Instructions to follow ▸ Return all of the entries below, word for word. Omit each picture.

Data for review ▸
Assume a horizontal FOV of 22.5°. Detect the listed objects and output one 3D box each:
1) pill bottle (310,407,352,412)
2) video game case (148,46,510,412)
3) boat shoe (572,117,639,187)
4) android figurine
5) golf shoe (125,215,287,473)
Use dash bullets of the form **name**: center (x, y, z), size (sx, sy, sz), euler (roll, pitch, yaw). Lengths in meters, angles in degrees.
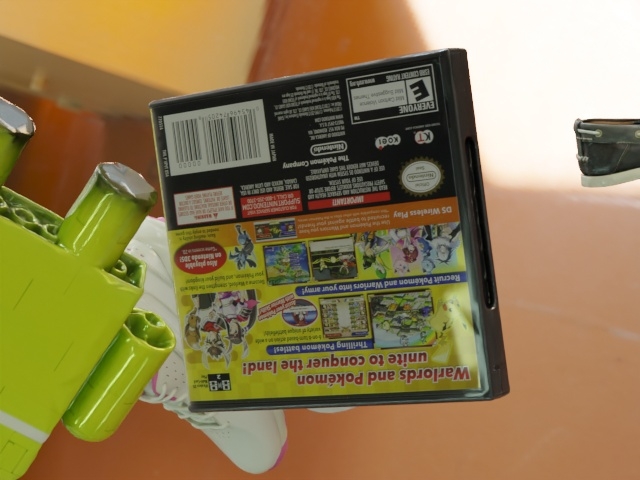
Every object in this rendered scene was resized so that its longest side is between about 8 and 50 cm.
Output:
- **pill bottle**: center (-0.007, 0.036, 1.552), size (0.146, 0.146, 0.264), euler (41, 150, 53)
- **video game case**: center (0.000, 0.000, 1.201), size (0.274, 0.035, 0.248), euler (-6, 92, 34)
- **boat shoe**: center (0.377, -0.117, 1.666), size (0.084, 0.233, 0.079), euler (-112, 9, -85)
- **android figurine**: center (-0.220, 0.047, 0.990), size (0.273, 0.248, 0.056), euler (-56, 17, 22)
- **golf shoe**: center (-0.143, 0.127, 1.583), size (0.115, 0.306, 0.140), euler (-13, 27, 41)
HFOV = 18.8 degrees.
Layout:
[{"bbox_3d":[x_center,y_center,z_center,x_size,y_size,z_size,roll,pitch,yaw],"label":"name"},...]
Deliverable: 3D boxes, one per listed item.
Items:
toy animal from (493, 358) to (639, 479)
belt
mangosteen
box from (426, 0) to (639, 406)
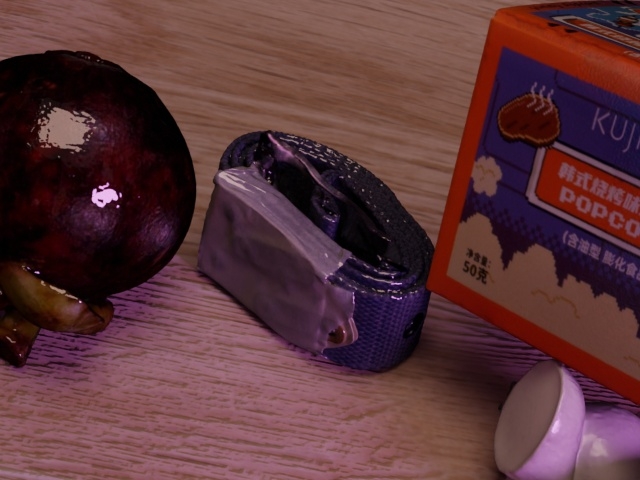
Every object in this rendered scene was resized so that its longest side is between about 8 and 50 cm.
[{"bbox_3d":[0.243,0.188,1.546,0.221,0.130,0.104,24,4,-22],"label":"toy animal"},{"bbox_3d":[0.000,0.000,1.654,0.140,0.126,0.230,-27,56,-35],"label":"belt"},{"bbox_3d":[-0.222,-0.025,1.598,0.228,0.228,0.265,12,84,2],"label":"mangosteen"},{"bbox_3d":[0.332,-0.025,1.537,0.319,0.256,0.349,-5,25,-43],"label":"box"}]
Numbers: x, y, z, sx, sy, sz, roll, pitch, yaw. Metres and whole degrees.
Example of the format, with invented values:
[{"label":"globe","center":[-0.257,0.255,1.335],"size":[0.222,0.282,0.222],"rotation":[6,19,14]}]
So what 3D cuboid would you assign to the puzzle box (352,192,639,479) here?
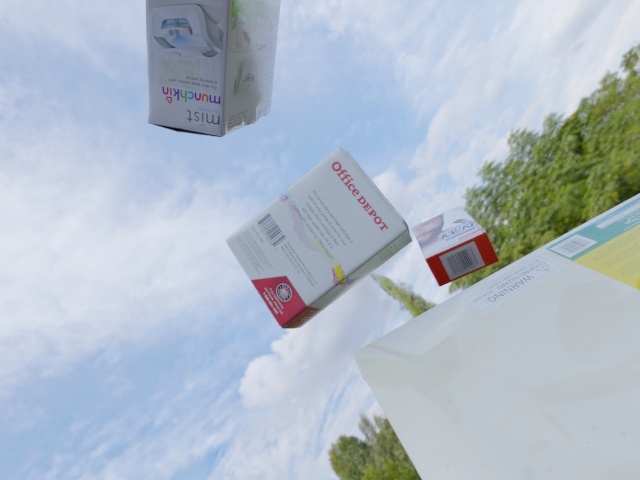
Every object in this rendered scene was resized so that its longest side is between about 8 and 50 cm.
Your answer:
[{"label":"puzzle box","center":[0.251,0.084,0.368],"size":[0.409,0.272,0.052],"rotation":[-28,-70,-4]}]

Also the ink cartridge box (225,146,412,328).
[{"label":"ink cartridge box","center":[0.000,0.000,0.513],"size":[0.175,0.127,0.072],"rotation":[-38,-19,6]}]

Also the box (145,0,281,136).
[{"label":"box","center":[-0.157,-0.310,0.710],"size":[0.262,0.126,0.231],"rotation":[-68,-11,-64]}]

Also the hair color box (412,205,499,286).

Output for this task ▸
Assume a horizontal FOV of 22.5°. Detect the listed objects and output one 3D box each:
1) pill bottle (310,407,352,412)
2) video game case (148,46,510,412)
3) boat shoe (572,117,639,187)
4) android figurine
5) golf shoe (125,215,287,473)
Use dash bullets of the form **name**: center (x, y, z), size (sx, sy, sz), euler (roll, pitch, yaw). Lengths in meters, angles in degrees.
Every object in this rendered scene was resized so that its longest side is between about 8 and 50 cm.
Output:
- **pill bottle**: center (-0.007, 0.036, 1.552), size (0.146, 0.146, 0.264), euler (41, 150, 53)
- **video game case**: center (0.000, 0.000, 1.201), size (0.274, 0.035, 0.248), euler (-6, 92, 34)
- **boat shoe**: center (0.377, -0.117, 1.666), size (0.084, 0.233, 0.079), euler (-112, 9, -85)
- **android figurine**: center (-0.220, 0.047, 0.990), size (0.273, 0.248, 0.056), euler (-56, 17, 22)
- **golf shoe**: center (-0.143, 0.127, 1.583), size (0.115, 0.306, 0.140), euler (-13, 27, 41)
HFOV = 18.8 degrees.
Layout:
[{"bbox_3d":[x_center,y_center,z_center,x_size,y_size,z_size,roll,pitch,yaw],"label":"name"},...]
Deliverable: 3D boxes, one per listed item.
Items:
toy animal from (493, 358) to (639, 479)
belt
mangosteen
box from (426, 0) to (639, 406)
Every object in this rendered scene was resized so that its longest side is between about 8 and 50 cm.
[{"bbox_3d":[0.243,0.188,1.546,0.221,0.130,0.104,24,4,-22],"label":"toy animal"},{"bbox_3d":[0.000,0.000,1.654,0.140,0.126,0.230,-27,56,-35],"label":"belt"},{"bbox_3d":[-0.222,-0.025,1.598,0.228,0.228,0.265,12,84,2],"label":"mangosteen"},{"bbox_3d":[0.332,-0.025,1.537,0.319,0.256,0.349,-5,25,-43],"label":"box"}]
Numbers: x, y, z, sx, sy, sz, roll, pitch, yaw. Metres and whole degrees.
Example of the format, with invented values:
[{"label":"globe","center":[-0.257,0.255,1.335],"size":[0.222,0.282,0.222],"rotation":[6,19,14]}]
So what 3D cuboid would you assign to the puzzle box (352,192,639,479) here?
Every object in this rendered scene was resized so that its longest side is between about 8 and 50 cm.
Your answer:
[{"label":"puzzle box","center":[0.251,0.084,0.368],"size":[0.409,0.272,0.052],"rotation":[-28,-70,-4]}]

Also the ink cartridge box (225,146,412,328).
[{"label":"ink cartridge box","center":[0.000,0.000,0.513],"size":[0.175,0.127,0.072],"rotation":[-38,-19,6]}]

Also the box (145,0,281,136).
[{"label":"box","center":[-0.157,-0.310,0.710],"size":[0.262,0.126,0.231],"rotation":[-68,-11,-64]}]

Also the hair color box (412,205,499,286).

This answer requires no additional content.